Conventional wisdom and research studies suggest that having team members work together in the same place is a significant factor in team success. Co-located teams are more likely to be aware of day-to-day issues and include members who are more engaged with each other. They form common ground and personal loyalty that fosters more interaction, encourages discussion, and builds trust. Serendipitous information exchange is more likely when workers are sitting together than when they are hundreds of miles apart.
Remote collaboration is a reality, though, for many modern businesses. In some cases, narrowly focused project teams are formed for short durations; in other cases, long-term product-oriented teams draw on geographically dispersed talent pools. Even groups that are co-located often interact with co-workers in other locations, including team members working from home.
Google is a global company with employees scattered all over the world. Even when managers try to keep product groups close together, business and personal priorities inevitably override these plans. Meetings rarely occur without at least one person participating from outside the primary office. In some cases, large projects have entire sub-teams collaborating from different regions in the U.S. and other parts of the world. Meetings span distance, time zones, languages, and cultures.
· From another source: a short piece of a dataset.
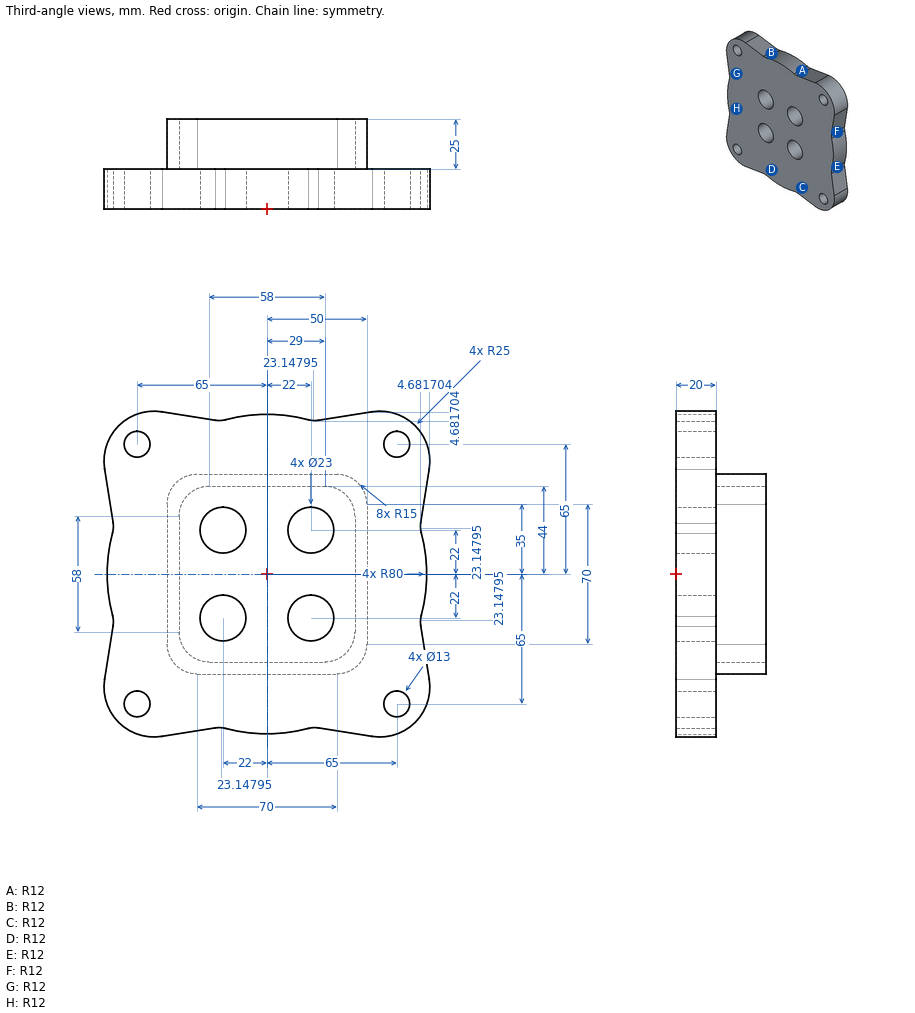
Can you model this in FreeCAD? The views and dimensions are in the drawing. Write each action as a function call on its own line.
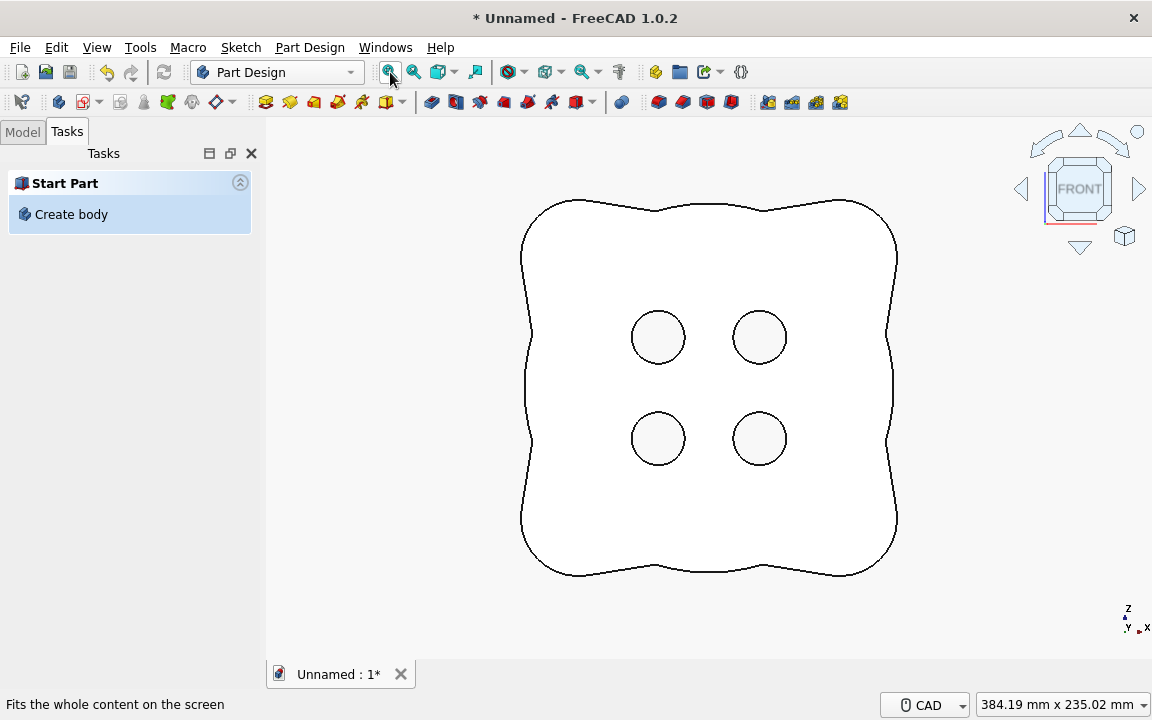
key(3)

Researching Remote Collaboration
Over the course of a year, our team at Google carried out five studies to understand how remote collaboration was working within the company. Our research goal was straightforward: determine how well remote collaboration was working and what could be improved. This meant studying the use of the recently installed videoconferencing (VC) system, gauging user satisfaction, and exposing other factors that impact the effectiveness of remote collaboration.
We began with structured interviews with twenty-four employees who were members of geographically dispersed teams. These interviews gave us a general picture of employee satisfaction with the new videoconferencing system as well as insight into the technical, physical, social, and cultural challenges that distributed teams face. The interviews also identified several pockets of employees using “video portals:” always-on videoconferencing between remote team members.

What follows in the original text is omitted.